= Beginning of Section =
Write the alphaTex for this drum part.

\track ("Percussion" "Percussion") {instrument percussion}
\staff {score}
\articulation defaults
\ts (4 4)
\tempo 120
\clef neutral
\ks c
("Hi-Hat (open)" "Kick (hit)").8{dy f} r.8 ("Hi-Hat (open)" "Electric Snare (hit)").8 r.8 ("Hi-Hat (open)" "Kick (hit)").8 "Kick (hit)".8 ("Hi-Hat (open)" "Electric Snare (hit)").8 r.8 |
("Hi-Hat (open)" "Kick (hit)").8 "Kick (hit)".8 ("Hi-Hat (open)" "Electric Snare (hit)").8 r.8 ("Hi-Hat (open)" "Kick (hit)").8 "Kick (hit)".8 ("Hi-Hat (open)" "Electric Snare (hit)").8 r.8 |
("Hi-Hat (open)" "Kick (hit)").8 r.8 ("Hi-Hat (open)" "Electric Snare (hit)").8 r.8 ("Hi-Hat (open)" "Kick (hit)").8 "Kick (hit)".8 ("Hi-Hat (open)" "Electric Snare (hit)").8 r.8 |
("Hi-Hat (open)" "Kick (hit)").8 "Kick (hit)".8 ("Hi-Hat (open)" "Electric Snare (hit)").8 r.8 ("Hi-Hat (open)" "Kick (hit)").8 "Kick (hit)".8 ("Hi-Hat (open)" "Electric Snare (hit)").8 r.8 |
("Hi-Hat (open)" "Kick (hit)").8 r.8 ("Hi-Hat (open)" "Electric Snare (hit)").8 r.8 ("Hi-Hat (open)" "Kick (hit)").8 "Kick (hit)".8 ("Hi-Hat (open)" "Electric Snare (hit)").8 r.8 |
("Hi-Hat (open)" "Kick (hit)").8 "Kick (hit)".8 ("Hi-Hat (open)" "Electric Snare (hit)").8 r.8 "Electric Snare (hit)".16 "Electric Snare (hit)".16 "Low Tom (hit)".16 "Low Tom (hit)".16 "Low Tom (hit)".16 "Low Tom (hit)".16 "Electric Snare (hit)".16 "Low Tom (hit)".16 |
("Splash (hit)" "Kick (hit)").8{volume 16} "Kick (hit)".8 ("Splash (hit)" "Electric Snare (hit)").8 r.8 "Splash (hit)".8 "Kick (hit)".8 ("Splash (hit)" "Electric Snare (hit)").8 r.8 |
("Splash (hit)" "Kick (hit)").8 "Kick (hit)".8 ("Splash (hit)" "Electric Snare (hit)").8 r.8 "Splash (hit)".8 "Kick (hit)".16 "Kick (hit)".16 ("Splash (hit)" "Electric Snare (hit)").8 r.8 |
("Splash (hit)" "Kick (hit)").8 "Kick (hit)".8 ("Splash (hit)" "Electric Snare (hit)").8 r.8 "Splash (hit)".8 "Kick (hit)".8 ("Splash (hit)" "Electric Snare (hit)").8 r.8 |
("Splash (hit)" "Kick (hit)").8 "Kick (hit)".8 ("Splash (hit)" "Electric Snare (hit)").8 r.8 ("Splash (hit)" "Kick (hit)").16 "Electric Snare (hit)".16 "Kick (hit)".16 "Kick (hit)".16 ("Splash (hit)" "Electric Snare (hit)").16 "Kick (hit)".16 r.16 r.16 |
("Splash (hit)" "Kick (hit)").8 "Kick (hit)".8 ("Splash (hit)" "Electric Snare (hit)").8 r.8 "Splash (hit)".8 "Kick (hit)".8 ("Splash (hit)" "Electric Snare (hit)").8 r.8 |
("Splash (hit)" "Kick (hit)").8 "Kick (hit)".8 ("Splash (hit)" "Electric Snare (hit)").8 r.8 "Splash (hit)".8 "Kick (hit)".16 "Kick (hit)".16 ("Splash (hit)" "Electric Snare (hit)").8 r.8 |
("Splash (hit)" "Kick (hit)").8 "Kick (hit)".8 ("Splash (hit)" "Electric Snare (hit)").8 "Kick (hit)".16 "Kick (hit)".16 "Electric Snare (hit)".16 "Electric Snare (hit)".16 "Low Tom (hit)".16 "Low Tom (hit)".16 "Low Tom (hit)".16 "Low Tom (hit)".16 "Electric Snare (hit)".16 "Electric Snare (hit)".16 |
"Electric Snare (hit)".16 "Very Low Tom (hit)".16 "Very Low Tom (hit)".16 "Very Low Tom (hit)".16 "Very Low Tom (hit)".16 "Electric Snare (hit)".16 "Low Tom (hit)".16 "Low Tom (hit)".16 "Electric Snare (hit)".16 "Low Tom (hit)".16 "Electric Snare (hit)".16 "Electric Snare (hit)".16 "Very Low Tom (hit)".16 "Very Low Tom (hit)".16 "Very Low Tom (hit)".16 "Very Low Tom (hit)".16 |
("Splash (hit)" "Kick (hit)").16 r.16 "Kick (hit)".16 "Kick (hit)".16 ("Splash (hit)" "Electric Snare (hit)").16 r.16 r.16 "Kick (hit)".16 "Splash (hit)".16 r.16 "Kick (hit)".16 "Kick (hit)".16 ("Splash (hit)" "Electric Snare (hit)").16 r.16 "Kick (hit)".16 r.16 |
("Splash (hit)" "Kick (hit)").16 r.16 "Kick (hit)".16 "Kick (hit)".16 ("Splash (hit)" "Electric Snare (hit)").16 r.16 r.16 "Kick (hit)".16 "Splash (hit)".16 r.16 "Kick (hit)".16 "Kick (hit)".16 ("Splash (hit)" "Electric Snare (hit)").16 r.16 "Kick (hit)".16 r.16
= End of Section =
= Beginning of Section =
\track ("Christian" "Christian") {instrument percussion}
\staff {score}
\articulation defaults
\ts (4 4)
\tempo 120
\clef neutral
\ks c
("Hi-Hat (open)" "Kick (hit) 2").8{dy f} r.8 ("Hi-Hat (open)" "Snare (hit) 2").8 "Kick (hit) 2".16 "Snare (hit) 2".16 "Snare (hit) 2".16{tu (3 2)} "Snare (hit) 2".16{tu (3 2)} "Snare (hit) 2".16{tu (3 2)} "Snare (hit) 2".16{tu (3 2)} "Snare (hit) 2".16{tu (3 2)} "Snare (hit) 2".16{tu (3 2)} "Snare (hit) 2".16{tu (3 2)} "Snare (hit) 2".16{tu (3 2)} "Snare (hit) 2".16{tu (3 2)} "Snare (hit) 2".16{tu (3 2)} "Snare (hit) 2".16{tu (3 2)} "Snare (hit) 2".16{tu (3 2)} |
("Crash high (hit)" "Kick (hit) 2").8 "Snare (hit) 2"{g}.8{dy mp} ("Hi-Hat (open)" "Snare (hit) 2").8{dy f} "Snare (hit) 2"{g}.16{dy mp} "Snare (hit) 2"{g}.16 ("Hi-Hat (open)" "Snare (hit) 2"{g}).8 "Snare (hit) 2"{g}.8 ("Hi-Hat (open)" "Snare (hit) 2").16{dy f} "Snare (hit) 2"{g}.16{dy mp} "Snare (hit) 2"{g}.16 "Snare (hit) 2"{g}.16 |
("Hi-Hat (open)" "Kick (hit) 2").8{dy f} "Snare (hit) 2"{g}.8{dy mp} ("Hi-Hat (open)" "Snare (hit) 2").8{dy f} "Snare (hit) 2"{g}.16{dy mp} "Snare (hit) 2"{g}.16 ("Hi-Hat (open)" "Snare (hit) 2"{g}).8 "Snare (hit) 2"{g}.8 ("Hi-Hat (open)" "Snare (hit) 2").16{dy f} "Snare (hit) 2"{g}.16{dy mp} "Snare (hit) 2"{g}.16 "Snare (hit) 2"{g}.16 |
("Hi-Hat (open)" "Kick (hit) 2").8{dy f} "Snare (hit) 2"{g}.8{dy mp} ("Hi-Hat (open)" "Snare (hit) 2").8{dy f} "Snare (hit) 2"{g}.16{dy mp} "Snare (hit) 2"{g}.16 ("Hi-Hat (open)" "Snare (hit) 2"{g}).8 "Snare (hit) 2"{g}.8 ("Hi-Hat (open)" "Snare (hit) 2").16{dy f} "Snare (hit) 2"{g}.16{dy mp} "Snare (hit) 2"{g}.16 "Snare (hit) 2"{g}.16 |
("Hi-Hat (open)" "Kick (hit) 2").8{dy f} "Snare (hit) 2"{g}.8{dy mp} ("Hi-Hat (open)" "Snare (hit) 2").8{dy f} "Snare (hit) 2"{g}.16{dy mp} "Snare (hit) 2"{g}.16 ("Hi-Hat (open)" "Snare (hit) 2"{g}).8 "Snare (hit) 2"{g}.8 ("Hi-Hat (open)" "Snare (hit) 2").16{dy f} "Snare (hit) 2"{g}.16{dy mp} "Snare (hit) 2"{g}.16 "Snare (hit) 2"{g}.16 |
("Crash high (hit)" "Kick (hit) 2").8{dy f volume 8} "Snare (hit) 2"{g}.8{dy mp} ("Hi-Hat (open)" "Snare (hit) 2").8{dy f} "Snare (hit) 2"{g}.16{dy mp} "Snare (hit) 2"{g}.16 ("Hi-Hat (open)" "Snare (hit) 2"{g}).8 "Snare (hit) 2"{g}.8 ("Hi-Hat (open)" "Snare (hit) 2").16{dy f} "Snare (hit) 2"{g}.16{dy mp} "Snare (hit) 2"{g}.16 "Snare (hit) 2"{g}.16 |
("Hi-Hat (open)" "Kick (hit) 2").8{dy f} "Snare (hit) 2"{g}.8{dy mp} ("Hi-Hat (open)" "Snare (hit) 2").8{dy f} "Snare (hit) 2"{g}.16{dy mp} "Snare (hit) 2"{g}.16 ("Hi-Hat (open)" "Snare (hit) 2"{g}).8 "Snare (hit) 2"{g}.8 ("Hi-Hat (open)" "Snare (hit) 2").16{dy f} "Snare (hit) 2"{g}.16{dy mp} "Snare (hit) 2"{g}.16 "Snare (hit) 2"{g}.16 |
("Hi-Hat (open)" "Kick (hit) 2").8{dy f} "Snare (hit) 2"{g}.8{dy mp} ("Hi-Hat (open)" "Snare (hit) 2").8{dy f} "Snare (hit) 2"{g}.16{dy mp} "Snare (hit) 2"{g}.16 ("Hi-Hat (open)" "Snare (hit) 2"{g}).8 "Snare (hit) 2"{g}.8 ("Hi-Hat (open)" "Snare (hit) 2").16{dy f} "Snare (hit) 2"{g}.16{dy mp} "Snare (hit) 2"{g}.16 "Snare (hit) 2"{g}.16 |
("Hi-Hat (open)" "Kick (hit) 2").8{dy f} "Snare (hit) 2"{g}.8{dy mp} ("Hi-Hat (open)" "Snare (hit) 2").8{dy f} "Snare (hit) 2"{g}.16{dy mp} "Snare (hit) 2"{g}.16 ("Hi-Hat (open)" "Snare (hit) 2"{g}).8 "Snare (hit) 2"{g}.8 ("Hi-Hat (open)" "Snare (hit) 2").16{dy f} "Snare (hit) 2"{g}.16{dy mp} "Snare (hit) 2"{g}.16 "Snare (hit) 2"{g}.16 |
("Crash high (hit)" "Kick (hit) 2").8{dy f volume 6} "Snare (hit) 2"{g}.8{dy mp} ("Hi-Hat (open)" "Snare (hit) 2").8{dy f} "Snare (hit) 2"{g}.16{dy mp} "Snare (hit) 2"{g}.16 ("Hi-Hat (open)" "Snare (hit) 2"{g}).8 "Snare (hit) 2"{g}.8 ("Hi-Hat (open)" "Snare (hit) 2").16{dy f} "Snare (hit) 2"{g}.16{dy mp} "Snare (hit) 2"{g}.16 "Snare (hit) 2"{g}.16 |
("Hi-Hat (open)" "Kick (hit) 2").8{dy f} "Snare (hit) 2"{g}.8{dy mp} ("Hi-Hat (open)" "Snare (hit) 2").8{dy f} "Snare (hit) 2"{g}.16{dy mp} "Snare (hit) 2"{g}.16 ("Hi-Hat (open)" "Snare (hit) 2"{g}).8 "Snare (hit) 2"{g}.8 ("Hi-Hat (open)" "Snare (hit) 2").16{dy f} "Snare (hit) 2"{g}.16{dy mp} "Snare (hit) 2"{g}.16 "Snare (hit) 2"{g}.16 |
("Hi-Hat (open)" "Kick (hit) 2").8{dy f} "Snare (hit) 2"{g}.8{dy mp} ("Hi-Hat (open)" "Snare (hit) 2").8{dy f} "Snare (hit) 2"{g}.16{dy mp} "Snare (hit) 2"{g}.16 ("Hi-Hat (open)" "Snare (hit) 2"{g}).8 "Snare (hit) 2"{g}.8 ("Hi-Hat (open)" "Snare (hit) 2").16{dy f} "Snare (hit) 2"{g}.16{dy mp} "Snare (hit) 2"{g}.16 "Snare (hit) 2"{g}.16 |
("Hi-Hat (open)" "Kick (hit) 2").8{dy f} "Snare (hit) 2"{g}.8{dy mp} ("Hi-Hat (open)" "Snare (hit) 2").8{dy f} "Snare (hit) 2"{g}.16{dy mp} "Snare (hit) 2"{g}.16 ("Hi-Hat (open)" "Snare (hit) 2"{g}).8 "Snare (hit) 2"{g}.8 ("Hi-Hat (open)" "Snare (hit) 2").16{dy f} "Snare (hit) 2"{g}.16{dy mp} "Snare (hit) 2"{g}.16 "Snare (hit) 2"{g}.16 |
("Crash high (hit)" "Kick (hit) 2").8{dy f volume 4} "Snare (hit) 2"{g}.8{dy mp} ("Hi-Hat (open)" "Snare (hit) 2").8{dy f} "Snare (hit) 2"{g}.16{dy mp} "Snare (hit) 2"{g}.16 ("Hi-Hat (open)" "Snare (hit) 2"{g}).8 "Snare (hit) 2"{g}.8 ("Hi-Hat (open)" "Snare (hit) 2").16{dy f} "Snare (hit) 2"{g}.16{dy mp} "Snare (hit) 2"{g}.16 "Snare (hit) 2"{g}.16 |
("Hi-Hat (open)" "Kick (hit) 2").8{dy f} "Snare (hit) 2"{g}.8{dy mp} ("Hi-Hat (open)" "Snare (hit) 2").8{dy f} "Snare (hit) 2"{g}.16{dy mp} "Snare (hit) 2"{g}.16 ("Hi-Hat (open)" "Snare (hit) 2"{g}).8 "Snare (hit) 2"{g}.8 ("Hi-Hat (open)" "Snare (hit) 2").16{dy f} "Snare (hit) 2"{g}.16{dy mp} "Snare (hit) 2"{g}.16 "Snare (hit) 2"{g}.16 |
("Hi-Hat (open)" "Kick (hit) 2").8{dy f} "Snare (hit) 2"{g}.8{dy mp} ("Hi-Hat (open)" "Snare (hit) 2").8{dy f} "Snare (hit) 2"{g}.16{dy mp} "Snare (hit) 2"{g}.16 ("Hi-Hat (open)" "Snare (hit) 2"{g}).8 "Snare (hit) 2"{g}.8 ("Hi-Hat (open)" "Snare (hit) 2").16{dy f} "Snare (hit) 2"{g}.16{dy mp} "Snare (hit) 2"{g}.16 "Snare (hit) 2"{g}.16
= End of Section =
Please go through the material and return each line where the word "instrument" appears.

**RESPONSE TO THE TASK:**
\track ("Percussion" "Percussion") {instrument percussion}
\track ("Christian" "Christian") {instrument percussion}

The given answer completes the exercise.